Alex le dio su brújula a Tahama, quien se la colgó al cuello de adorno, y
éste le regaló al muchacho americano un atado de dardos envenenados con
curare y una cerbatana de tres metros de largo, que apenas pudieron
transportar en el reducido espacio del helicóptero. Iyomi volvió a coger
por la camisa a Kate Coid para gritarle un discurso a todo volumen y la
escritora respondió con la misma pasión en inglés. En el último instante,
cuando los nahab se aprestaban para subir al pájaro de ruido y viento,
Walimaí entregó a Nadia una pequeña cesta.

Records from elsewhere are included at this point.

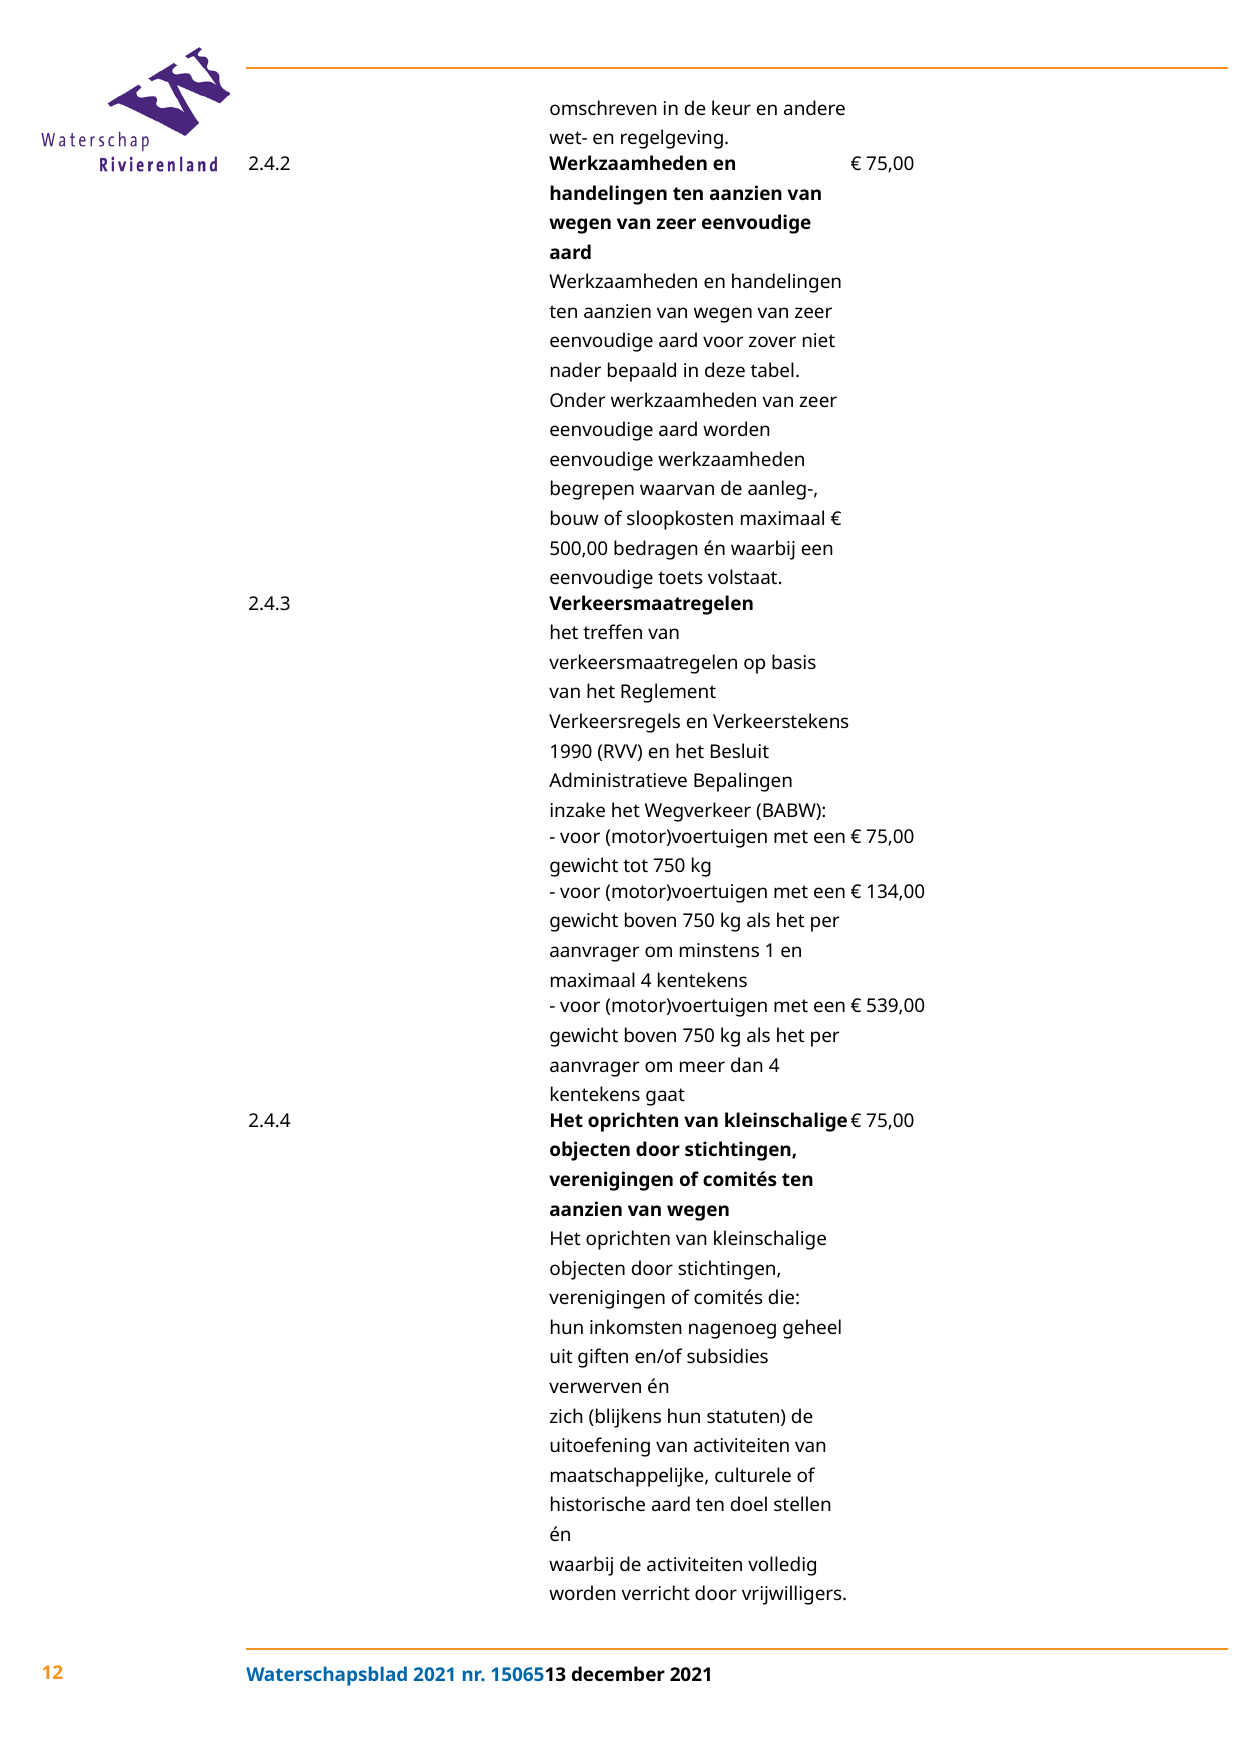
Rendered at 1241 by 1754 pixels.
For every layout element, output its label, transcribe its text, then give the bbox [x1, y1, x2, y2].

table_cell 2.4.4 [248, 1107, 549, 1606]
table_cell [248, 993, 549, 1107]
table_cell 2.4.3 [248, 590, 549, 823]
table_cell Verkeersmaatregelen het treffen van verkeersmaatregelen op basis van het Reglement Verkeersregels en Verkeerstekens 1990 (RVV) en het Besluit Administratieve Bepalingen inzake het Wegverkeer (BABW): [549, 590, 850, 823]
table_cell - voor (motor)voertuigen met een gewicht boven 750 kg als het per aanvrager om meer dan 4 kentekens gaat [549, 993, 850, 1107]
table_cell - voor (motor)voertuigen met een gewicht tot 750 kg [549, 823, 850, 878]
table_cell Werkzaamheden en handelingen ten aanzien van wegen van zeer eenvoudige aard Werkzaamheden en handelingen ten aanzien van wegen van zeer eenvoudige aard voor zover niet nader bepaald in deze tabel. Onder werkzaamheden van zeer eenvoudige aard worden eenvoudige werkzaamheden begrepen waarvan de aanleg-, bouw of sloopkosten maximaal € 500,00 bedragen én waarbij een eenvoudige toets volstaat. [549, 150, 850, 590]
table_cell [850, 95, 1152, 150]
table_cell [248, 878, 549, 993]
table_cell [850, 590, 1152, 823]
table_cell [248, 823, 549, 878]
table_cell omschreven in de keur en andere wet- en regelgeving. [549, 95, 850, 150]
table_cell - voor (motor)voertuigen met een gewicht boven 750 kg als het per aanvrager om minstens 1 en maximaal 4 kentekens [549, 878, 850, 993]
table_cell € 539,00 [850, 993, 1152, 1107]
table_cell [248, 95, 549, 150]
picture [41, 47, 231, 172]
table_cell Het oprichten van kleinschalige objecten door stichtingen, verenigingen of comités ten aanzien van wegen Het oprichten van kleinschalige objecten door stichtingen, verenigingen of comités die: hun inkomsten nagenoeg geheel uit giften en/of subsidies verwerven én zich (blijkens hun statuten) de uitoefening van activiteiten van maatschappelijke, culturele of historische aard ten doel stellen én waarbij de activiteiten volledig worden verricht door vrijwilligers. [549, 1107, 850, 1606]
table_cell 2.4.2 [248, 150, 549, 590]
table_cell € 75,00 [850, 1107, 1152, 1606]
table_cell € 75,00 [850, 150, 1152, 590]
table_cell € 134,00 [850, 878, 1152, 993]
table_cell € 75,00 [850, 823, 1152, 878]

El viaje de regreso a Santa
María de la Lluvia fue una pesadilla, porque César Santos demoró más de
una hora en dominar los controles y estabilizar la máquina. Durante esa
primera hora nadie creyó llegar con vida a la civilización y hasta Kate
Coid, quien tenía la sangre fría de un pez de mar profundo, se despidió de
su nieto con un firme apretón de mano.
—Adiós, Jaguar. Me
temo que hasta aquí no más llegamos. Lamento que tu vida fuera tan corta
—le dijo.
Los soldados
rezaban en voz alta y bebían licor para calmar los nervios, mientras
Timothy Bruce manifestaba su profundo desagrado levantando la ceja
izquierda, cosa que hacía cuando estaba a punto de explotar. Los únicos
verdaderamente en calma eran Nadia, quien había perdido el miedo de la
altura y confiaba en la mano firme de su padre, y el profesor Ludovic
Leblanc, tan mareado que no tuvo conciencia del peligro.
Horas más tarde,
después de un aterrizaje tan movido como el despegue, los miembros de la
expedición pudieron instalarse por fin en el mísero hotel de Santa María
de la Lluvia. Al día siguiente irían de vuelta a Manaos, donde tomarían el
avión a sus países. Harían la travesía en barco por el río Negro, como
habían llegado, porque la avioneta de César Santos se negó a elevarse del
suelo, a pesar del motor nuevo. Joel González, el ayudante de Timothy
Bruce, que estaba bastante repuesto, iría con ellos. Las monjas habían
improvisado un corsé de yeso, que lo inmovilizaba desde el cuello hasta
las caderas, y pronosticaban que sus costillas sanarían sin consecuencias,
aunque posiblemente el desdichado nunca se curaría de sus pesadillas.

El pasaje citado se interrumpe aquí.